Даже яростно обрушиваясь на социальный строй Англии, на преуспевающих и власть предержащих, Диккенс никогда не упускал случая пройтись и по адресу подонков и тунеядцев. В «Крошке Доррит» Диккенс направил свой гнев против тех, кого цинизм, отчаяние, уязвленность и упоение благородной бедностью и неудачами в жизни делают молчаливыми, отчужденными, ожесточившимися, а то и приятно увлеченными соучастниками творимой в мире несправедливости.
Никогда еще из-под пера Диккенса не выходила столь многолюдная, многоликая галерея неврастеников. Прикованная к креслу нервным параличом миссис Кленнэм, призывающая громовые ветхозаветные проклятья на греховный мир, по отношению к которому она и сама весьма не безгрешна; мисс Уэйд, оскорбленная положением гувернантки, полная ненависти соблазненной женщины к семейному очагу, старательно, чуть ли не извращенно распаляющая мстительное чувство социального неравенства у другой девушки-сироты; Фанни Доррит, выходящая замуж без любви и смысла, только чтобы унизить блестящим положением гордую красивую свекровь, относившуюся к ней свысока в годы ее бедной юности; Генри Гоуэн, неудачник, испорченный человек, компрометирующий всех художников своей причастностью к искусству, а в жизни старающийся низвести до своего уровня людей порядочных и благородных; его великолепно показанная мать, вдова, тонко и деликатно жалящая всех, кто подвернется, в отместку за одолжение, которое она делает Хэмптон Корту, живя в нем; наконец, Эдвард Доррит, как считают, самый великолепный драматический герой Диккенса, старейший обитатель долговой тюрьмы, «отец Маршалси», превративший свою убогую, затхлую тюремную камеру в тронный зал, где он принимает других должников, а те оказывают ему знаки уважения, посмеиваясь за его спиной, и одаряют его крохотными взятками, которые он изволит милостиво принимать.
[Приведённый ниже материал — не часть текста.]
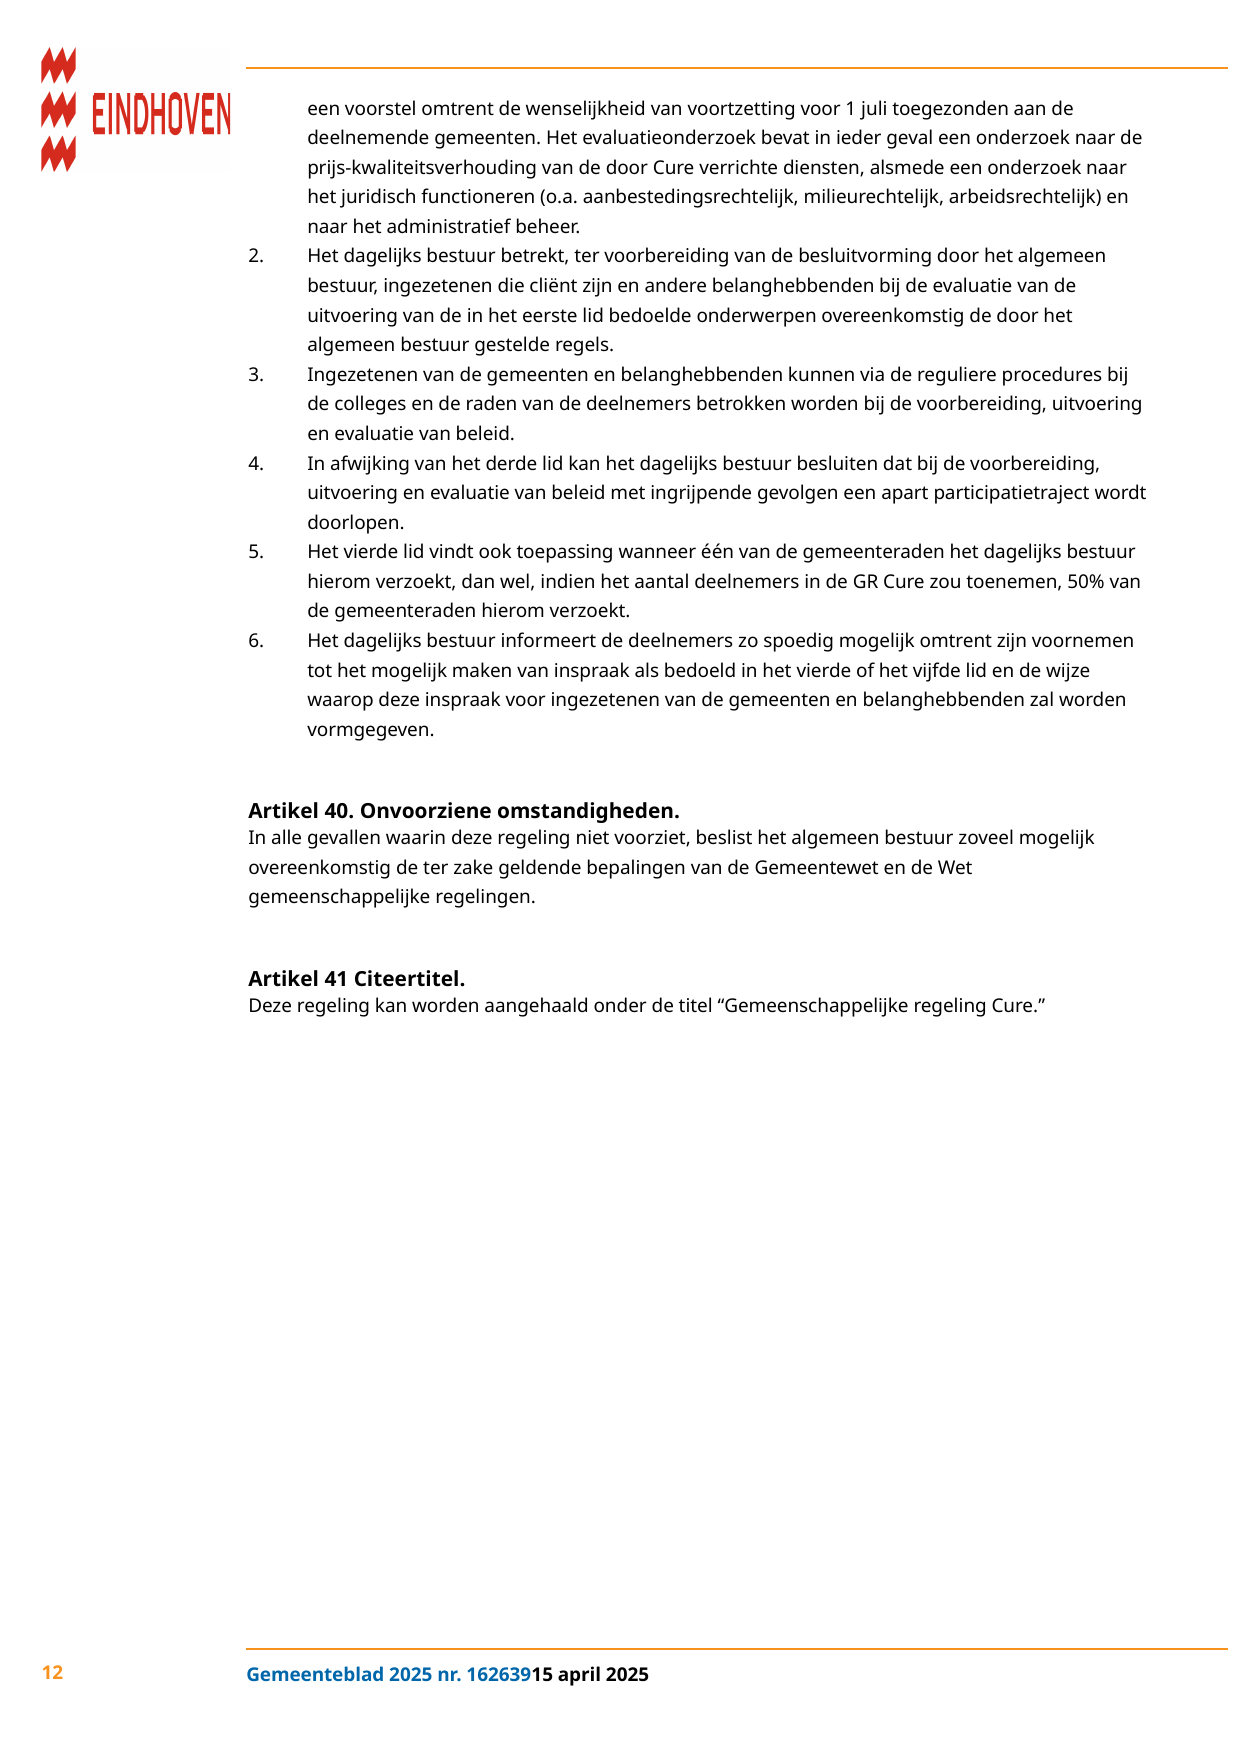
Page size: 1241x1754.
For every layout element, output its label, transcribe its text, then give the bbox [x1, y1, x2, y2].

Все персонажи романа составляют вместе неповторимую симфонию — симфонию соучастия в делах мира, который, как им представляется, оттолкнул их, отверг. Даже единственный настоящий злодей, дьявольский персонаж в духе Диккенса, Риго-Бландуа, и тот вплетает в этот общий хор свои «джентльменские» притязания, стараясь, чтобы мир понял свою обязанность участвовать в его преступных махинациях. Перед нами кунсткамера с множеством невыразительно серых или причудливо разукрашенных насекомых, пригвожденных собственными мелкими обидами.
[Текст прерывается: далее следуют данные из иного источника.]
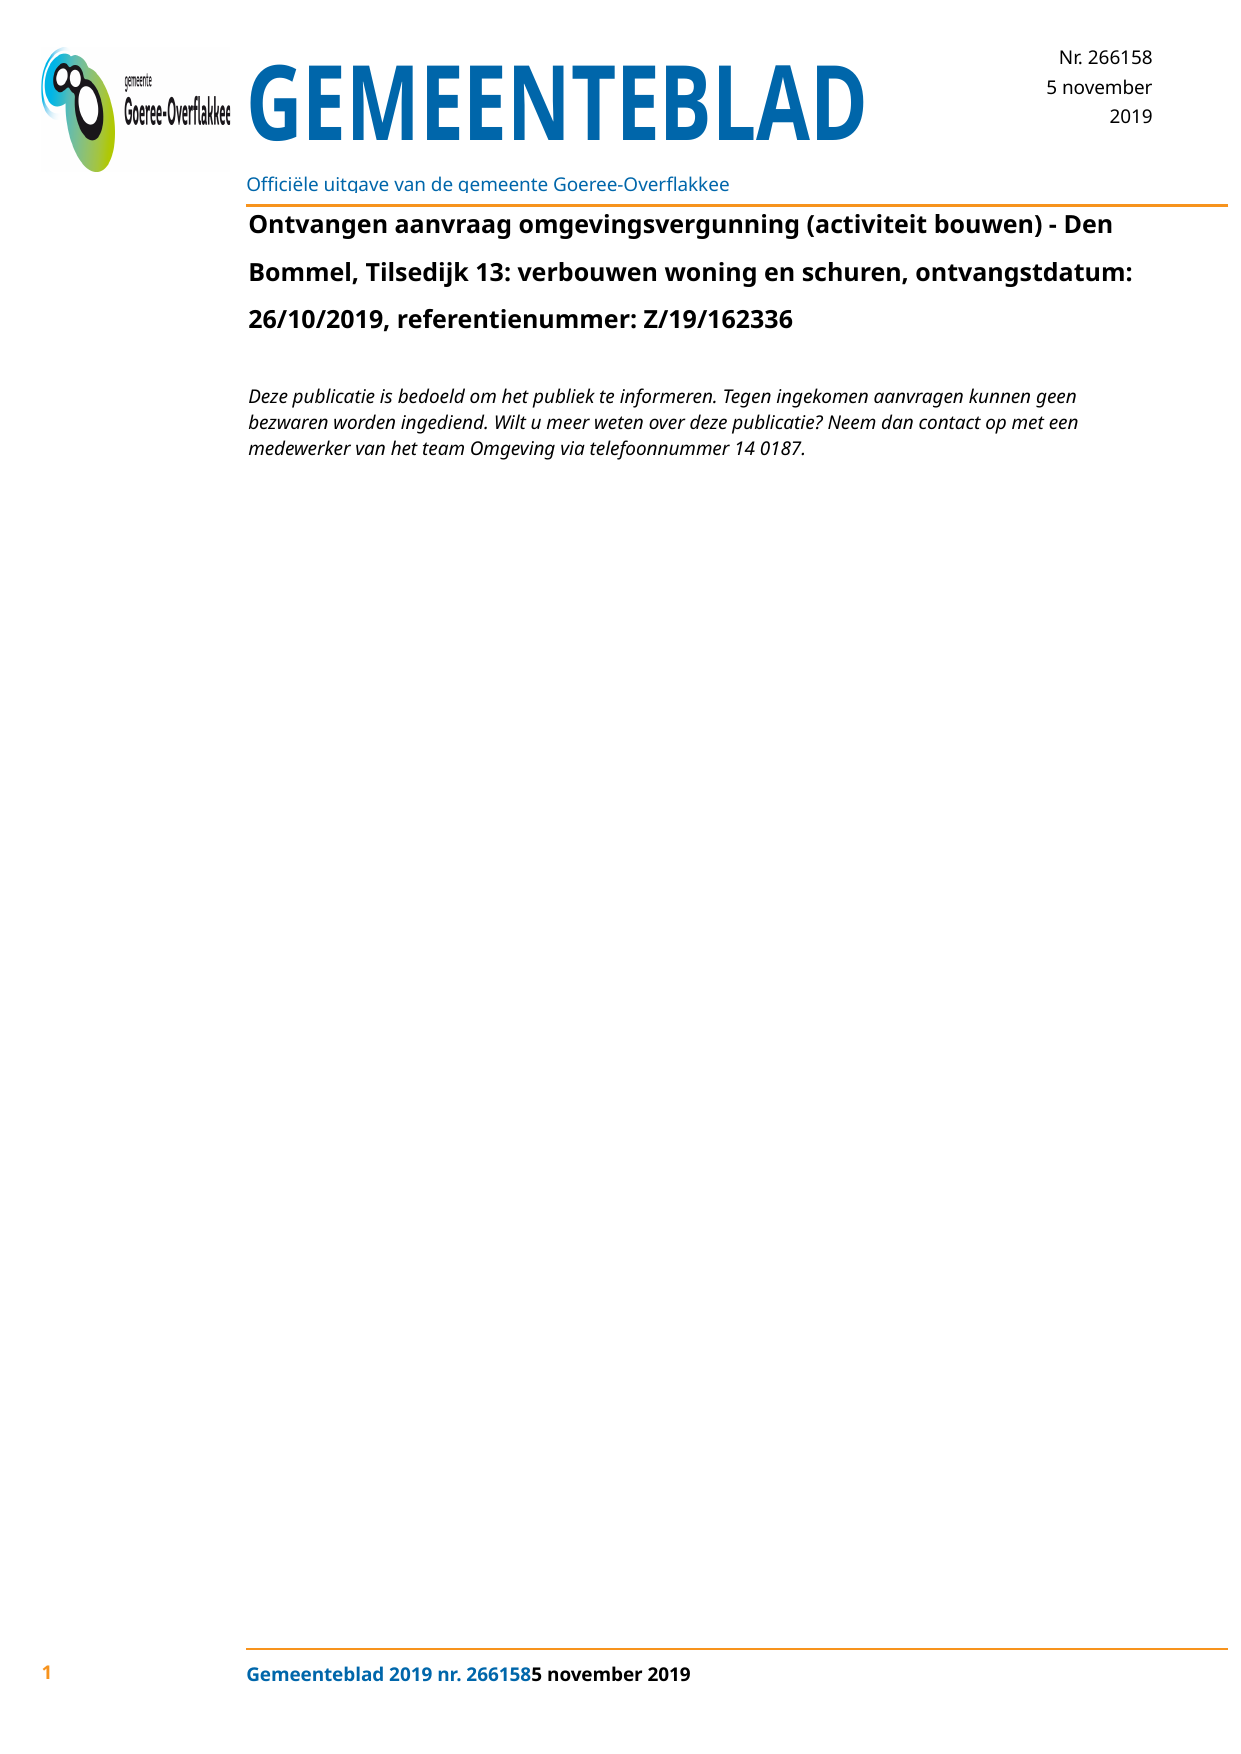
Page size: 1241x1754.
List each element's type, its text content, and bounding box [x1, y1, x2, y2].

text Ontvangen aanvraag omgevingsvergunning (activiteit bouwen) - Den Bommel, Tilsedijk 13: verbouwen woning en schuren, ontvangstdatum: 26/10/2019, referentienummer: Z/19/162336 [248, 207, 1152, 336]
picture [41, 47, 231, 172]
text Deze publicatie is bedoeld om het publiek te informeren. Tegen ingekomen aanvragen kunnen geen bezwaren worden ingediend. Wilt u meer weten over deze publicatie? Neem dan contact op met een medewerker van het team Omgeving via telefoonnummer 14 0187. [248, 384, 1152, 461]

И все же печаль и отчаяние не могут окончательно заглушить юмор Диккенса в «Крошке Доррит»: в романе происходит слияние ужасного, абсурдного и просто фарсового начала, достигающее патетических высот, неведомых другим произведениям писателя и вообще редких в искусстве (ведь пафос, как правило, клонит в односторонность, хотя и выпрямляет душу). Раньше Диккенс негодовал по поводу лучших условий в Ньюгетской тюрьме по сравнению с долговой. И вот теперь он наконец возвращается в тюрьму, где сидел его отец, в старую тюрьму Маршалси, чтобы развеять иллюзии о мучиническом венце должников. В детстве он возмущался, что его отец вынужден сидеть в тюрьме, теперь эти чувства владеют Крошкой Доррит, и, право, они единственное пятнышко, оставленное тюрьмой, на ее благородном характере: «А что он терпит нужду, бедненький, так разве он в этом виноват? Четверть века прожив в тюрьме, трудно разбогатеть». Но как ни преданна Крошка Доррит своему отцу, она понимает, что неправа: «Да, я знаю, не следует так рассуждать. Не думайте обо мне дурно, это выросло со мной здесь».
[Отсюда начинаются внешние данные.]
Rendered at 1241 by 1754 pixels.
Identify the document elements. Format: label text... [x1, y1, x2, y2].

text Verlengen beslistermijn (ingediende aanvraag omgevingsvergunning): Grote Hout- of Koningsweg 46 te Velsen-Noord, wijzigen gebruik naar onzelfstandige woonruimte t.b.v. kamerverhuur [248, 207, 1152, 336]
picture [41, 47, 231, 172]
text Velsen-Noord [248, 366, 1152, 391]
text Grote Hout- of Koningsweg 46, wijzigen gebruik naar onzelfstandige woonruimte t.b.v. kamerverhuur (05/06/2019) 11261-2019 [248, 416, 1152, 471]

Чудовищная атмосфера претенциозного самомнения, порождаемая долговой тюрьмой Маршалси, поразительно высмеяна в сцене, где мистер Доррит принимает у себя в камере старого рабочего, мистера Нэнди, которого на один день отпустили из работного дома. Разоренный заключенный повелевает угостить чаем честного нищего, словно какой-нибудь атаман шотландских разбойников из романа Вальтера Скотта, покровительствующий горемыке-фермеру; так Диккенс, в свое время обрушившийся на ньюгетских баловней, защищая права должника-отца, теперь развенчивает аристократические замашки плаксивого тунеядца и нахлебника. В сцене же музыкальной вечеринки, где мистер Доррит председательствует на правах «отца Маршалси», Диккенс безжалостно изобличает потуги обитателей долговой тюрьмы на духовную утонченность и беззаботную праздность.
«Порою чей-нибудь могучий бас, перекрывая прочие голоса, хвастливо уверял слушателей, что плывет по волнам, или скачет в чистом поле, или преследует оленя, или бродит в сердце гор, или вдыхает аромат вереска; но смотритель Маршалси не смутился бы этими уверениями, зная, как прочны тюремные замки́».